Unless performance is really a problem, I prefer the understanding and
debugging aid. It'll help not only me, but others who see the project
and would like to learn how all this magic works.
> > > The time saved would be absolutely minimal. It is obvious that to produce
> > > a
> > > pdf containing all the man pages then all the man pages have to be
> > > consumed by groff, not just the page which has changed.
> >
> > But do you need to run the entire pipeline, or can you reuse most of it?

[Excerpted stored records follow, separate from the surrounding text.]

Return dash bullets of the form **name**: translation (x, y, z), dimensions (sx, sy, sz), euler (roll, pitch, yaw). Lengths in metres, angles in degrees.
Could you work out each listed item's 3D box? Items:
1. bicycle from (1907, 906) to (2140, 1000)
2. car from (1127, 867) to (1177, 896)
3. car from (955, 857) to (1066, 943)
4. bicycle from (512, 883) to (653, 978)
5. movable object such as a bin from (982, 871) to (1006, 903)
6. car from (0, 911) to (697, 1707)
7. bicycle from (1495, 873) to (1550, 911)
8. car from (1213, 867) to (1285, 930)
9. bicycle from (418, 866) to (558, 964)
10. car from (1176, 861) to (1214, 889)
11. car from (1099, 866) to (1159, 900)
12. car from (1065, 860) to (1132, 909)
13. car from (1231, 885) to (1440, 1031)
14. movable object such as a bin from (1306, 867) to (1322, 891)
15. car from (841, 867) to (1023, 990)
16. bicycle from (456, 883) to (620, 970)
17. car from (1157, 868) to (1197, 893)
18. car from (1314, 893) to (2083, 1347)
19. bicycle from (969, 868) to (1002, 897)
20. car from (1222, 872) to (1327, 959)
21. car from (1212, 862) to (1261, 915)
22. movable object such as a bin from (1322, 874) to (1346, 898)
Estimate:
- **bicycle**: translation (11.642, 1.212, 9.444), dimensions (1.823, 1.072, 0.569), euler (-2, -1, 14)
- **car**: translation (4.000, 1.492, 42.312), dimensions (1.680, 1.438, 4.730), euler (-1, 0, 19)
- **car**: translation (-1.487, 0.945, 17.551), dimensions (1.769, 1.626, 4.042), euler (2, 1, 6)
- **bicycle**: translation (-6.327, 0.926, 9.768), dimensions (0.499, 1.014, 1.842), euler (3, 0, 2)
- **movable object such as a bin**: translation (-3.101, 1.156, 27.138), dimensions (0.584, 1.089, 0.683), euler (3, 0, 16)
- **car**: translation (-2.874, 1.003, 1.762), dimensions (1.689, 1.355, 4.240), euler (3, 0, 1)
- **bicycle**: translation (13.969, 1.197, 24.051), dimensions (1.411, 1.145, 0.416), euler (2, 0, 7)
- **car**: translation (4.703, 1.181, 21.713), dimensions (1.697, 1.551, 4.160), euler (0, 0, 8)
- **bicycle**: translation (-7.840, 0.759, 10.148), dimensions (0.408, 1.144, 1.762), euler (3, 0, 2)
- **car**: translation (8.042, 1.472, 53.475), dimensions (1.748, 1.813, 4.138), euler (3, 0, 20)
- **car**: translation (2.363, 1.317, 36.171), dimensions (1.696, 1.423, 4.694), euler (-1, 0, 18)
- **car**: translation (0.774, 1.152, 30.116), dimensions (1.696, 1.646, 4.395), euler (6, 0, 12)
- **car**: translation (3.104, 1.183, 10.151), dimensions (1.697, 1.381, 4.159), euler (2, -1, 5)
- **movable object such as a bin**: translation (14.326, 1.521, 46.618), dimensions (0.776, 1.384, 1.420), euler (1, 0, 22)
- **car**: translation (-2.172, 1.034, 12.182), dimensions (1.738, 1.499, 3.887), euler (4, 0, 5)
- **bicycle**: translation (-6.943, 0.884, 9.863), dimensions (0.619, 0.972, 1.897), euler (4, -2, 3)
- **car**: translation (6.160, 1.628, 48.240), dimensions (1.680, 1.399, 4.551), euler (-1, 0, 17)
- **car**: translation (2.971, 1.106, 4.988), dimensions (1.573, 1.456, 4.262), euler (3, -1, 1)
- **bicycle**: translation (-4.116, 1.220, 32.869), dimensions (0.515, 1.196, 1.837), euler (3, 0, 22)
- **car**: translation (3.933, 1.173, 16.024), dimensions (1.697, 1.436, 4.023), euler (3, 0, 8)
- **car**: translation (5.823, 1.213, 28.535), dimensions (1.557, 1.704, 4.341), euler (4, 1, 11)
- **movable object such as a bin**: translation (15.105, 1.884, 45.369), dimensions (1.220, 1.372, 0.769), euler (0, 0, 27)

> > I can process in parallel much faster, with `make -jN ...`. I guess
> > the .pdf.troff files can be reused; maybe even the .pdf.set ones?
> >
> > Could you change the script at least to produce intermediary files as in
> > the pipeline shown above? As many as possible would be excellent.
>
> Perhaps it would help if I explain the stages of my script. First a look at
> what the script needs to do to produce a pdf of all man pages. There are too
> many files to produce a single command line with all the filenames of each
> man, groff has no mechanism for passing a list of filenames, so first job is
You can always `find ... | xargs cat | troff /dev/stdin`
> to concatenate all the separate files into one input file for groff. And while
> we are doing that, add the "magic sauce" which makes all the pdf links in the
> book and sorts out the aliases which point to another man page.
Yep, I think I partially understood that part of the script today. It's
what this `... | LC_ALL=C grep '^\\. *ds' |` pipeline produces and
passes to groff, right?
> After this is done there is a single troff file, called LMB.man, which is the
That's what's currently called LinuxManBook.Z, right?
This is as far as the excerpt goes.